Share your dilemmas and get honest opinions from other Mumsnetters.

To feel scared in my own home?

144 replies

Colabottle10 · 28/03/2016 20:08

Last November we were burgled. During the daytime, I came home minutes after they'd fled.

We live in a rural village, it's a drive through as in not a dead end, and is a through route to the local town.

Took me a while to feel better about being in the house and slept with a shotgun under the bed for a long time.

The culprit hasn't been caught.

Friday just gone I noticed a car driving back and forth through the village very slowly with two men inside eyeing up all the houses. I saw it again tonight parked up at one end of the village. DH went for a drive to see if he could see it and found it just outside the village at the other end and stopped and asked if they were lost (man and woman this time). They said they were trying to get phone signal. I called 101 and logged it.

I feel scared again.
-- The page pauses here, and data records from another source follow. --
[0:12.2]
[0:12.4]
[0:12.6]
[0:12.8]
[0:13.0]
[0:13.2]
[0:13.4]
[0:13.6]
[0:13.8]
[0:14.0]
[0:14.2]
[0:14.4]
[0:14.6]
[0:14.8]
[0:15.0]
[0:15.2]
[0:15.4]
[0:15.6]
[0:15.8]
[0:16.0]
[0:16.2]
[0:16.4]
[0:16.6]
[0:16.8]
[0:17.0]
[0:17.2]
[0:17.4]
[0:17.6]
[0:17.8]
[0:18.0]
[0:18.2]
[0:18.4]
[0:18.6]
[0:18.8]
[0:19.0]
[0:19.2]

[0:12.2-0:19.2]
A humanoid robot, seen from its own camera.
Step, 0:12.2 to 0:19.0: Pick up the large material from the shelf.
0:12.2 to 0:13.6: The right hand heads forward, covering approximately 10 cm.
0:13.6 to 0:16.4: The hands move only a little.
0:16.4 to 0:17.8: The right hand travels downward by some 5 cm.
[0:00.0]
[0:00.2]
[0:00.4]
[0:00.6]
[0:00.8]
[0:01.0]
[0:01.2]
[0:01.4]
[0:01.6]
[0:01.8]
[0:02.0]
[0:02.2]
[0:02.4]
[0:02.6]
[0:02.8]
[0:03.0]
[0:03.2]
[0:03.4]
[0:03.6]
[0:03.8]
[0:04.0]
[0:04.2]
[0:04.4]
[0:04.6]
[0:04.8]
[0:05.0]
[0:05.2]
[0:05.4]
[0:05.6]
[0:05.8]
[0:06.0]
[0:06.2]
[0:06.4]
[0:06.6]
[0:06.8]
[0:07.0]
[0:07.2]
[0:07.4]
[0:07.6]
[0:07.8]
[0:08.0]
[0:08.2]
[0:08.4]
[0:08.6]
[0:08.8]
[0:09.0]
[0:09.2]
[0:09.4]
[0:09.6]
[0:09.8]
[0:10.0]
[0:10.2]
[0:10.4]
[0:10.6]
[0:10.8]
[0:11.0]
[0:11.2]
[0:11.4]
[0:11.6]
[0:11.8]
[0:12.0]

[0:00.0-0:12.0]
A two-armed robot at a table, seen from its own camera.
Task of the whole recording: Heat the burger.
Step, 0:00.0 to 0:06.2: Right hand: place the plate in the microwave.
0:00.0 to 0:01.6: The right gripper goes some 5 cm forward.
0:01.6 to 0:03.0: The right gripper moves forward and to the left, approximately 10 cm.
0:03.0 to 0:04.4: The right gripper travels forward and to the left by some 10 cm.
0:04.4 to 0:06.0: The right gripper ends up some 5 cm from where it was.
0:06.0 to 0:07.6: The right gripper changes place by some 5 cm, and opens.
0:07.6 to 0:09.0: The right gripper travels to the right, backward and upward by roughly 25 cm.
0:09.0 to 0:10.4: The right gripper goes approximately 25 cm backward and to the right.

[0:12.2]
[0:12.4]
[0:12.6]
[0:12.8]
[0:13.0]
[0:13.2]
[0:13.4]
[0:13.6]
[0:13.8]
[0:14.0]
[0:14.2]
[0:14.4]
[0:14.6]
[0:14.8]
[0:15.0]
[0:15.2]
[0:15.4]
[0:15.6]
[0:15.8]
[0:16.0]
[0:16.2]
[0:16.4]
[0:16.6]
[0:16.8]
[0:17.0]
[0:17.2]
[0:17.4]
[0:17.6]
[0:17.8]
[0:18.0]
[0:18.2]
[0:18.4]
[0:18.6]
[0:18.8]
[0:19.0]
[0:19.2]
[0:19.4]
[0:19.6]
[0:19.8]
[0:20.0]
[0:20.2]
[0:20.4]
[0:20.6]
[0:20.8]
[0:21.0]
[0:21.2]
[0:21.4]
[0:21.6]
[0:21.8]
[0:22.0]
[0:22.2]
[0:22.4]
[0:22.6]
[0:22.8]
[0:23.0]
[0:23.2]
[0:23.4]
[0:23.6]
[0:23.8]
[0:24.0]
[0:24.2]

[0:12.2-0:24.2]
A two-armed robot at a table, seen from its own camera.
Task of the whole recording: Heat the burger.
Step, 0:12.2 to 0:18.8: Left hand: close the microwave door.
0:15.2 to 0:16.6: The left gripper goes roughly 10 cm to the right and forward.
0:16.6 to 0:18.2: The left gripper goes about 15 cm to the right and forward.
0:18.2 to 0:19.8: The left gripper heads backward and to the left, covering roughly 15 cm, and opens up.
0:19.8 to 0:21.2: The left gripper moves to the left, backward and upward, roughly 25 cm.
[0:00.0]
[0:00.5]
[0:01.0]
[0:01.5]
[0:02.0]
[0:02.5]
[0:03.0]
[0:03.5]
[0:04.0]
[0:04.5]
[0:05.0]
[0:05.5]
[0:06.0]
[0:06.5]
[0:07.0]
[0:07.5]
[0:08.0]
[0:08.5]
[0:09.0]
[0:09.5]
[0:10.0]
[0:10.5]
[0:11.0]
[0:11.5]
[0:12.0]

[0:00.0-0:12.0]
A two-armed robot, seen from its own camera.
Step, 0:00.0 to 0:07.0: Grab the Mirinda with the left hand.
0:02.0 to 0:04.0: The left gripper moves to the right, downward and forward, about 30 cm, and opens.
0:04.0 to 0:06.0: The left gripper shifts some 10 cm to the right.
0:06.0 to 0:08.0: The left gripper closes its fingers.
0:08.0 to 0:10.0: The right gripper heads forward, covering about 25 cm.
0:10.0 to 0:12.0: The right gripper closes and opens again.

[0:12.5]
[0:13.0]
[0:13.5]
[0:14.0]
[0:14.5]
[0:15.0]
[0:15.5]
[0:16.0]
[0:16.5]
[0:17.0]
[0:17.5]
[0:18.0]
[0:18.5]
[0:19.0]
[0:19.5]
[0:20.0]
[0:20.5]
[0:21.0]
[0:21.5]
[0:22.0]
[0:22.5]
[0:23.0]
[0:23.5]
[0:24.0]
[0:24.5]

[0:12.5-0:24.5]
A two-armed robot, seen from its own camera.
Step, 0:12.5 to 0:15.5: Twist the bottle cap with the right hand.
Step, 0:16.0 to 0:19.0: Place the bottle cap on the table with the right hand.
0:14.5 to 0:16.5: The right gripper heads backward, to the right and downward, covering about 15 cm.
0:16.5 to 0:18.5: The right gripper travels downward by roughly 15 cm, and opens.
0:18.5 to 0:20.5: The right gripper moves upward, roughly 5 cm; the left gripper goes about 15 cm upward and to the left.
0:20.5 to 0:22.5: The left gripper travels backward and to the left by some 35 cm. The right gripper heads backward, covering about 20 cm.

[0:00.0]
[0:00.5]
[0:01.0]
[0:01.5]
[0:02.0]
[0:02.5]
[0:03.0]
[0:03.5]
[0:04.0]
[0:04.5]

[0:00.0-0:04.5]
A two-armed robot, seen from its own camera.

I want to move.

OP posts:
SylviaWrath · 29/03/2016 12:24

If you feel unsafe in your own home, adding something much more dangerous into the situation is the most idiotic suggestion possible.

You might as well tell a drowning man to dive deeper.

bloodyteenagers · 29/03/2016 12:28

Nothing wrong with our laws.
Our gun laws stop children walking into school and shooting their peers.
Our gun laws stop young children from accidentally shooting their siblings.
in the USA in one year, 8,775 shootings compared to 85 in the Uk.
That's a hell of a lot of unresponsible gun owners.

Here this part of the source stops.